What happens if a government poisons a DNS cache? This is typically done for censorship. By intentionally entering false information into the country's DNS infrastructure, a government can deny access to specific web resources or redirect citizens to government-controlled landing pages instead of the intended websites.
Does clearing my browser cache fix DNS poisoning? Not necessarily. Browsers have their own caches, but the operating system and the ISP's recursive resolvers also maintain caches. To resolve the issue on your device, you should flush the DNS cache at the operating system level.

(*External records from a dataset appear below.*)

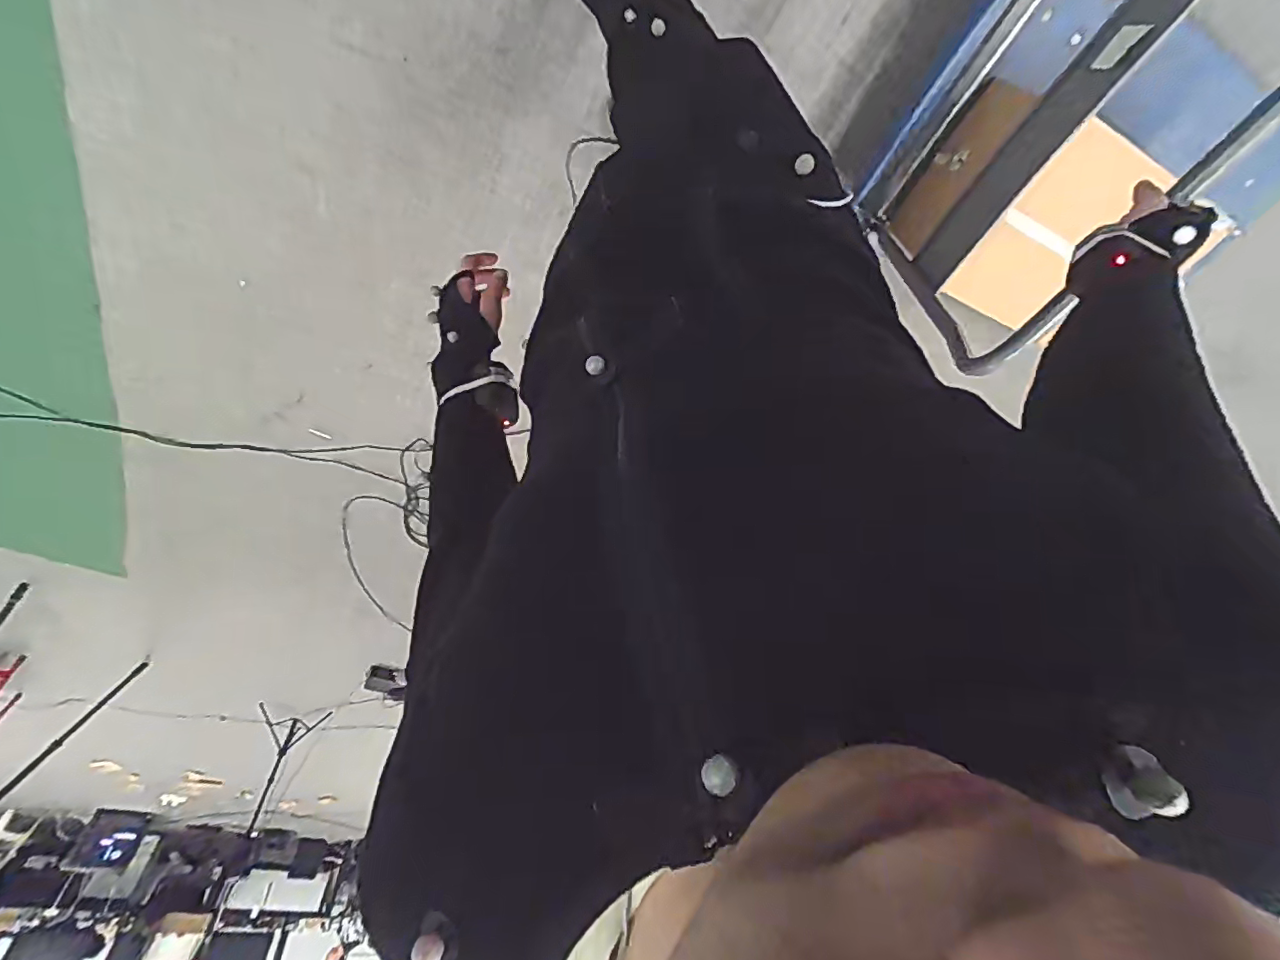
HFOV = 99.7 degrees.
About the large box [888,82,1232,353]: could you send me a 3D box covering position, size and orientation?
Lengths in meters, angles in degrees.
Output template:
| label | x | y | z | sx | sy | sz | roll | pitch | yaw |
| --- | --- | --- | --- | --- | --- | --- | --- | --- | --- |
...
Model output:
| label | x | y | z | sx | sy | sz | roll | pitch | yaw |
| --- | --- | --- | --- | --- | --- | --- | --- | --- | --- |
| large box | 0.807 | -0.526 | 1.101 | 0.408 | 0.320 | 0.320 | 17 | 133 | -18 |

If the poisoning occurred at the ISP level, you must wait for the TTL to expire or use a different, unpoisoned DNS resolver.
How does DNSSEC stop these attacks? [DNSSEC was implemented in Internet root zone servers in 2010] (Wikipedia) to add a layer of authentication. It uses public key cryptography to digitally sign DNS records. When a resolver receives a response, it checks the digital signature to ensure the data has not been tampered with and originated from the legitimate authoritative server.
Why is UDP more vulnerable than TCP for DNS? TCP requires a "handshake" to initiate communication, which creates a verified connection between two parties. DNS uses UDP, which has no handshake. An attacker can send a message via UDP with a forged header and the recipient has no built-in way to verify that the sender is who they claim to be.